Essa ação é um claro bypass às operadoras, oferecendo mais uma fonte de receita aos brokers já estabelecidos no Brasil, com receitas em reais e pagamento em países com acordo de não-bitributação (v.g. Hotelbeds, Restel, TUI, TBO Holidays).

Nas cias aéreas, observamos a redução drástica da oferta e aumento de tarifas (movimentos clássicos no setor), com um agravante: a bolha de crédito criada em março e abril, cuja fatura será cobrada em algum momento, levando o pessoal de forward bookings e revenue management a decidir quanto assentos vão para venda nova e quantos para os créditos velhos e já recebidos.

O mercado de luxo – grande esperança de recuperação para muitos – não entregou o esperado em julho 2020; TMC’s investiram em marcas dedicadas a este nicho, esperando compensar com lazer a receita perdida com viagens a negócios (creio que têm bnoas chances de sucesso, se tiverem o staff certo para essa abordagem).

Os agentes desse mercado de high end, que sempre venderam bem, já se adaptaram ao mercado nacional; a curva de aprendizado é curta para quem começa cedo.

Outros players – sólidas empresas e com visão estratégica – expandem sua rede de vendedores, “comprando” carteiras de clientes com espécie de representação com concessões recíprocas, onde o player dá acesso aos seus fornecedores e o agente renuncia a uma parte de sua comissão (em média 50%) como fee. Temos aqui a “uberização”, mencionada por Klaus Schwabb na sua “Quarta Revolução Industrial”

Todos os mercados sofrem pelo mesmo motivo: desconfiança e desinformação exacerbadas, o que causa pouca motivação para que os influenciadores desses nichos atuem para arregimentar passageiros.

Big One, o principal player e influenciador do mercado no Brasil, indica consideráveis perdas para 2020; reduziu sua estrutura, possivelmente abrirá mão, ou não lutará muito por eles, de mercados que não produzem o volume necessário para sua despesa operacional. Concentrará suas forças em redução de custo operacional e geração de volume em mercados ditos criadores de escala e riqueza.

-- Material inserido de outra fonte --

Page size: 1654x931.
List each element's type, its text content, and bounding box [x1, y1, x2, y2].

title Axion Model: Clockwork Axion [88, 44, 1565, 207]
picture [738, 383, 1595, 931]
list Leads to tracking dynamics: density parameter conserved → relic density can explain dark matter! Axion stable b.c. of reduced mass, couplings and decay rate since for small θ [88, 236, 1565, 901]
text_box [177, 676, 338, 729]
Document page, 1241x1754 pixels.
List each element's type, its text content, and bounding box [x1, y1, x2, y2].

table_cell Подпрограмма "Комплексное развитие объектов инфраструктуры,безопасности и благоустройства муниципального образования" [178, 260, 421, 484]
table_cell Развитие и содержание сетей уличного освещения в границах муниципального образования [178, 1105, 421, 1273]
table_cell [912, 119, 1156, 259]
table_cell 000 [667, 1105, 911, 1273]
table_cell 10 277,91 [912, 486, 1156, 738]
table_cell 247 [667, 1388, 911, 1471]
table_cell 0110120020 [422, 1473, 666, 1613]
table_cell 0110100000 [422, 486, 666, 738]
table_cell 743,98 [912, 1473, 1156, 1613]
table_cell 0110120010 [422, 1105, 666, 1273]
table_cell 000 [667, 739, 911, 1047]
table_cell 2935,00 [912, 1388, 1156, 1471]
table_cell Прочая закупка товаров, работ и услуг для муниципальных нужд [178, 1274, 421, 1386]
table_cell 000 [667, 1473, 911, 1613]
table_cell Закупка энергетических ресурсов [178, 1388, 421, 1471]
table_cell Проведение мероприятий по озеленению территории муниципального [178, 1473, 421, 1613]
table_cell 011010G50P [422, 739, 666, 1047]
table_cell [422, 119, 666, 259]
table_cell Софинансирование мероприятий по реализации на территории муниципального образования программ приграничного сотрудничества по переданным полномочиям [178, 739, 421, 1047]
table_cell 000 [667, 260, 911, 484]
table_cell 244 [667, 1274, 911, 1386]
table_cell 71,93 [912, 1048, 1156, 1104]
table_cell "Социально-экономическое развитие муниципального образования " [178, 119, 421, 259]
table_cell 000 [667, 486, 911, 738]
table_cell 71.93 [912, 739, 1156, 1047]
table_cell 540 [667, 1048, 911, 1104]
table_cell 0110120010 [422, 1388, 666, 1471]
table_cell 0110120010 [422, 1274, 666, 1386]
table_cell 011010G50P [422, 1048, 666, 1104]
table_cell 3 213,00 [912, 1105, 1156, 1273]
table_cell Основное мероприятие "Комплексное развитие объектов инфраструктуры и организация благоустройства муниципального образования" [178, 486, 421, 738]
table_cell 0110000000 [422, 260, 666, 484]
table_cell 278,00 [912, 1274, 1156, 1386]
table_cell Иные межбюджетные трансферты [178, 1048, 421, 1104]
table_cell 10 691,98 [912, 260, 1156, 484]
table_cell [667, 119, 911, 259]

Haverá a natural ocupação deste espaço deixado pela Big One, preferencialmente por mais de dois players, gerando concorrência e confiança do mercado comprador, ao mesmo tempo em que os fornecedores (hotéis, cias aéreas etc.), possam migrar seus acordos para mais players, porém com menos lugares (assentos e allotments).

Mas esse movimento tem prazo de validade, pois entendo que o futuro (muito) próximo será sem operadoras, com agências operando diretamente com brokers.

Mais Darwin (o que se adapta mais rápido), menos Hardy (o eterno reclamão).

 

Ricardo Cavalcanti é advogado e professor, com especialização pela Fundação Getúlio Vargas e atua na indústria do turismo desde 1983, em empresas do porte da H. Stern, British Airways, Marsans, Carlson Wagonlits e Hotelbeds.